BI Decision

Sunday, April 23, 2006

Is the spell checker telling me something?

MS Word replaces denormalized with demoralized.

How much does a terabyte cost?

A Terabyte is a “Big Round Number”. For while, it was the benchmark of a big data warehouse. However, Moore’s law seems to apply to the cost of hard disks as well. The cost of disks keeps falling.

Just for fun, here are some quick benchmarks:

1 Terabyte of inexpensive PC disks: $344
(4 x 250 GB SATA disks
http://www.newegg.com/Product/Product.asp?Item=N82E16822148065)

1 Terabyte of iPods: $6,650
(17 x 60 GB iPods http://store.apple.com/1-800-MY-APPLE/WebObjects/AppleStore.woa/wo/1.RSLID?mco=CC4D3CBB&nclm=iPod)

1 Terabyte of RAID 5 SCSI attached to a bare bones Xeon server: $8,148
(Dell Poweredge 2800 4x300GB SCSI 10,000 RPM)

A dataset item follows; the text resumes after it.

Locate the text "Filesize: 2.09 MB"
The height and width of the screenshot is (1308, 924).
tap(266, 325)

1 Terabye of RAID 5 Direct Attached Storage Server: $16,159
(Dell
AX150 iSCSI SAN 3x500 GB)


The problem is that the cost of storage hardware is only a small part of the cost of a Terabyte of data warehouse. A Terabyte has direct costs in server hardware, backup, and supporting software. It has indirect costs in program complexity, mostly in the labor of DBAs, ETL developers, and related program staff.

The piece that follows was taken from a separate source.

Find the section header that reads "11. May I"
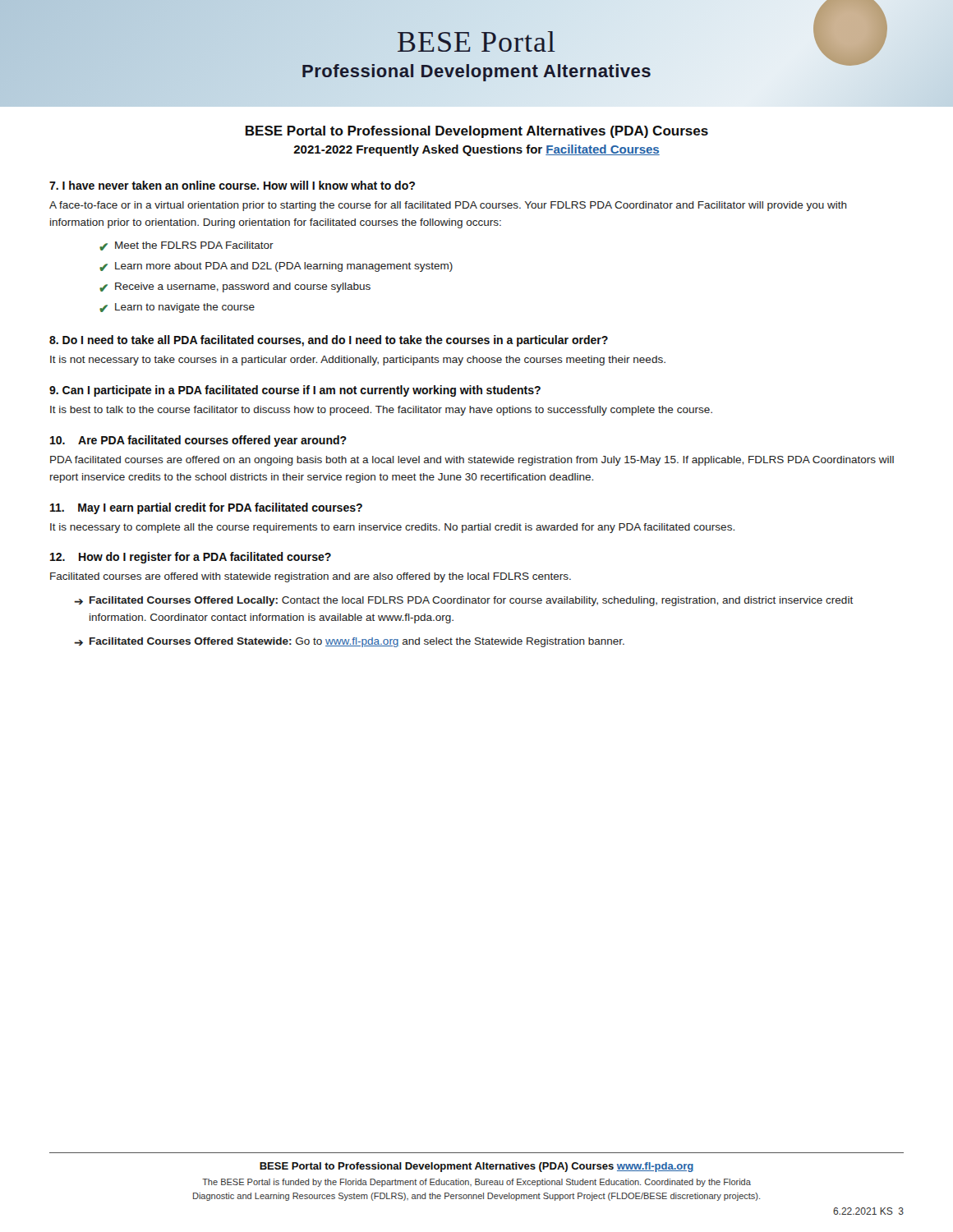Image resolution: width=953 pixels, height=1232 pixels. [206, 507]

Storage is cheap. As the cost goes down, substituting storage for development effort will save time and money. For example: storing several aggregates, keeping both normalized and dimensional data, and extending retention periods. The direct costs of storage are unavoidable, but indirect costs scale with complexity.

Friday, April 21, 2006

The beginning

This blog will talk about business intelligence and data warehousing from a practitioner's perspective.

Particular interests are:
1. Applying information to business processes
2. Data modeling & system design
3. Project management